The show, which debuted in 2001, came during a dry period for the single camera style in comedy. The top comedies of that time were all multi-cams, Friends, Frasier, Everybody Loves Raymond, Will and Grace. All extremely well done, funny shows but all still playing more or less within the common framework of the multi-camera setup. The lone exceptions were Fox’s Malcolm In The Middle, itself breaking new ground with it’s own 4th wall breaking and shows from other countries, chiefly, the UK’s The Office which would rapidly become the template for future shows.
Showing just how in touch he was with comedic culture trends, Mr. Wilmore would become involved in creating the American version of The Office some years later. However, when Mac debuted, it had the added twist of an almost all African-American cast and a head of household that straddled the line between urban sensibilities and common family situations. Bernie Mac was not your typical patriarchal figure as he enjoyed tormenting the kids as much as a good game of poker or a cigar. Rather than try to smooth away some of his “urban-ness”, the show allowed Bernie to really be Bernie, PC or not.
At the time there were other shows with predominantly African-American casts, namely The Hughleys, My Wife and Kids and The Steve Harvey Show but none of those gave a true depiction of their stars. In later years and in their standup, Steve Harvey and DL Hughley would often joke that America was always shocked when they cursed or went raunchy with their acts since on TV they seemed so polished.
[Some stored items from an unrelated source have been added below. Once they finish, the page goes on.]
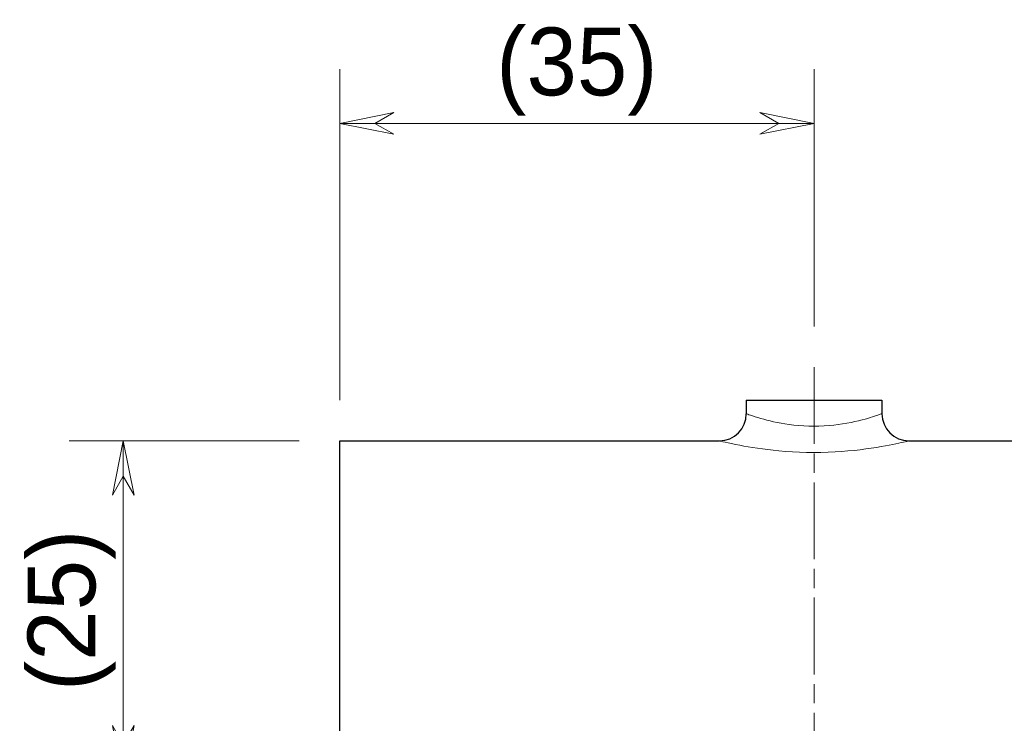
# Model space of a CAD drawing. Header units: millimetres. Extents: x 14 to 974, y 14 to 587.
# Tile 19 of 45: x 72 to 145, y 435 to 487. Entities that reach past the tile are written whole.
import ezdxf

# ---------------------------------------------------------------- set-up
doc = ezdxf.new("R2010")
doc.units = ezdxf.units.MM
doc.linetypes.add('CENTER', pattern=[50.8, 31.75, -6.35, 6.35, -6.35])
doc.linetypes.add('CHAIN', pattern=[0.3543, 0.2362, -0.0295, 0.0591, -0.0295])
doc.layers.add('외형선(ISO)', color=7, linetype='Continuous', lineweight=25)
doc.layers.add('좁은 외형선(ISO)', color=7, linetype='Continuous', lineweight=18)
doc.layers.add('중심선(ISO)', color=1, linetype='CENTER', lineweight=5, true_color=0xff0000)
doc.layers.add('치수(ISO)', color=1, linetype='Continuous', lineweight=5, true_color=0xff0000)
doc.styles.add('치수문자', font='txt')
doc.dimstyles.new('한국ATC센터', dxfattribs={"dimscale": 2, "dimtxt": 2.5, "dimasz": 2, "dimexe": 2, "dimexo": 1.5, "dimgap": 0.4, "dimtad": 1, "dimrnd": 1e-08, "dimdsep": 46, "dimtxsty": '치수문자', "dimblk": 'Flared-1', "dimcen": 0.09, "dimdle": 4, "dimclrd": 256, "dimclre": 256, "dimclrt": 5, "dimazin": 2, "dimtfac": 0.5, "dimtmove": 0, "dimatfit": 3, "dimfxl": 1, "dimtolj": 1, "dimlwd": -1, "dimlwe": -1, "dimarcsym": 0})

# ---------------------------------------------------------------- blocks, each defined once
blk = doc.blocks.new('Flared-1')
at = {"color": 0}
for p, q in [((0, 0), (-1, 0.2)), ((-1, 0.2), (-0.65, 0)), ((-1, 0), (0, 0)), ((-0.65, 0), (-1, -0.2)), ((-1, -0.2), (0, 0))]:
    blk.add_line(p, q, dxfattribs=at)
at = {"color": 0, "flags": 128}
for points in [[(-0.65, 0), (0, 0), (-1, 0.2), (-0.65, 0)], [(-0.65, 0), (-1, 0.2), (-0.65, 0), (-0.65, 0)], [(-0.65, 0), (-1, -0.2), (0, 0), (-0.65, 0)]]:
    blk.add_lwpolyline(points, dxfattribs=at)
at = {"color": 0}
for points in [[(-0.65, 0), (0, 0), (-1, 0.2), (-0.65, 0)], [(-0.65, 0), (-1, 0.2), (-0.65, 0)], [(-0.65, 0), (-1, -0.2), (0, 0), (-0.65, 0)]]:
    blk.add_solid(points, dxfattribs=at)
blk = doc.blocks.new('*D51')
at = {"layer": 'Defpoints', "color": 0, "transparency": 16777216}
for p in [(130.942, 479.575), (130.942, 461.597), (95.942, 456.16)]:
    blk.add_point(p, dxfattribs=at)
at = {"layer": '치수(ISO)', "transparency": 16777216}
for p, q in [((95.942, 459.16), (95.942, 483.575)), ((130.942, 464.597), (130.942, 483.575)), ((99.942, 479.575), (126.942, 479.575))]:
    blk.add_line(p, q, dxfattribs=at)
at = {"layer": '치수(ISO)', "transparency": 16777216, "xscale": 4, "yscale": 4, "zscale": 4, "rotation": 180}
blk.add_blockref('Flared-1', (95.942, 479.575), dxfattribs=at)
at = {"layer": '치수(ISO)', "transparency": 16777216, "xscale": 4, "yscale": 4, "zscale": 4}
blk.add_blockref('Flared-1', (130.942, 479.575), dxfattribs=at)
at = {"layer": '치수(ISO)', "color": 5, "transparency": 16777216, "insert": (113.442, 486.638), "char_height": 5, "attachment_point": 2, "style": '치수문자'}
blk.add_mtext('\\A1;(35)', dxfattribs=at)
blk = doc.blocks.new('*D52')
at = {"layer": 'Defpoints', "color": 0, "transparency": 16777216}
for p in [(95.942, 456.16), (79.978, 431.16), (93.442, 431.16)]:
    blk.add_point(p, dxfattribs=at)
at = {"layer": '치수(ISO)', "transparency": 16777216}
for p, q in [((92.942, 456.16), (75.978, 456.16)), ((79.978, 452.16), (79.978, 435.16)), ((90.442, 431.16), (75.978, 431.16))]:
    blk.add_line(p, q, dxfattribs=at)
at = {"layer": '치수(ISO)', "transparency": 16777216, "xscale": 4, "yscale": 4, "zscale": 4}
for p, rotation in [((79.978, 456.16), 90), ((79.978, 431.16), 270)]:
    blk.add_blockref('Flared-1', p, dxfattribs=dict(at, rotation=rotation))
at = {"layer": '치수(ISO)', "color": 5, "transparency": 16777216, "insert": (72.915, 443.66), "char_height": 5, "attachment_point": 2, "rotation": 90, "style": '치수문자'}
blk.add_mtext('\\A1;(25)', dxfattribs=at)

msp = doc.modelspace()

# ---------------------------------------------------------------- linework, layer by layer
at = {"layer": '외형선(ISO)'}
for p, q in [((125.9425, 459.1601), (135.9425, 459.1601)), ((125.9425, 459.1601), (125.9425, 458.1601)), ((135.9425, 459.1601), (135.9425, 458.1601)), ((95.9425, 406.1601), (95.9425, 456.1601)), ((95.9425, 456.1601), (123.9425, 456.1601)), ((137.9425, 456.1601), (165.9425, 456.1601))]:
    msp.add_line(p, q, dxfattribs=at)
for centre, start, end in [((123.9425, 458.1601), 270, 0), ((137.9425, 458.1601), 180, 270)]:
    msp.add_arc(centre, 2, start, end, dxfattribs=at)
at = {"layer": '좁은 외형선(ISO)'}
for points, knots in [([(135.9417, 458.1591), (135.9415, 458.1589), (135.877, 458.1359), (135.5168, 458.0099), (135.0768, 457.8591), (133.8223, 457.531), (132.9682, 457.359), (131.0683, 457.2016), (130.0201, 457.2367), (128.282, 457.4774), (127.5642, 457.652), (126.3753, 457.9946), (125.9892, 458.1431), (125.9438, 458.1596), (125.9425, 458.16), (125.9426, 458.1599)], [0.7555671, 0.7555671, 0.7555671, 0.7555671, 0.8892596, 0.8892596, 1.1324024, 1.1324024, 1.4044663, 1.4044663, 1.6930665, 1.6930665, 1.9444172, 1.9444172, 2.247311, 2.247311, 2.2667013, 2.2667013, 2.2667013, 2.2667013]), ([(123.9426, 456.1599), (123.9425, 456.16), (123.9444, 456.1596), (124.0079, 456.1443), (124.5484, 456.0068), (126.2129, 455.6896), (127.2179, 455.528), (129.6512, 455.3051), (131.1186, 455.2726), (133.7784, 455.4183), (134.9743, 455.5776), (136.7305, 455.8814), (137.3466, 456.021), (137.8508, 456.1377), (137.9411, 456.159), (137.9414, 456.1592)], [-2.2667013, -2.2667013, -2.2667013, -2.2667013, -2.247311, -2.247311, -1.9444172, -1.9444172, -1.6930665, -1.6930665, -1.4044663, -1.4044663, -1.1324024, -1.1324024, -0.8892596, -0.8892596, -0.7555671, -0.7555671, -0.7555671, -0.7555671])]:
    msp.add_open_spline(points, degree=3, knots=knots, dxfattribs=at)
at = {"layer": '중심선(ISO)', "linetype": 'CHAIN', "ltscale": 23.990969}
msp.add_line((130.9425, 461.5968), (130.9425, 379.4954), dxfattribs=at)

# ---------------------------------------------------------------- dimensions: what is measured, and where the dimension line sits
at = {"layer": '치수(ISO)'}
for base, p2, angle, picture, middle in [((130.9425, 479.5752), (130.9425, 461.5968), 180, '*D51', (113.4425, 479.5752)), ((79.9783, 431.1601), (93.4425, 431.1601), 270, '*D52', (79.9783, 443.6601))]:
    dim = msp.add_linear_dim(base=base, p1=(95.9425, 456.1601), p2=p2, angle=angle, text='(<>)', dimstyle='한국ATC센터', override={"dimdec": 2, "dimtp": 0, "dimtm": 0, "dimtdec": 2, "dimtofl": 0, "dimatfit": 1}, dxfattribs=at)
    dim.commit()
    dim.dimension.update_dxf_attribs({"geometry": picture, "text_midpoint": middle, "dimtype": 160})

doc.saveas('drawing.dxf')

Bernie Mac, however, doubled down on his persona, not re-casting him as a perhaps more friendly to suburban sensibilities doctor or teacher. Instead he WAS Bernie Mac, a successful standup comedian that people recognized out in the world. Even more interesting, the show flipped some of the typical household roles by having Bernie act as more the stay at home dad since his career enabled him to work more on his own time versus his wife who had a steady and successful 9-5. Bernie is shown being proud that he decorated his house, picked out the tile and furniture and enjoys cooking food, which in many sitcoms is not a sign of male power or masculinity.
Much of the early tension in the show involved Bernie coming to grips with being a true guardian to three kids after living a much simpler life with his wife Wanda. Almost every episode begins with Bernie in his den, giving his take on the world and trying to make sense of how upside down it has become. As is the case, Bernie puts up a tough front but is met with results that force him to re-consider and usually soften his stances. It’s a tried and true formula but what really pushes the show beyond the standard sitcom tropes are the way the show went about framing everything. Neither Bernie nor his family were ever really shown to be too outlandish or stubborn or “sitcom-y”, but instead were normal people with normal reactions to things. They weren’t always mouthpieces for jokes, aside from Mac, who WAS a comedian after all. Sure, the situations could be outsized from time to time as is the nature of TV but the show handled things in surprisingly realistic ways.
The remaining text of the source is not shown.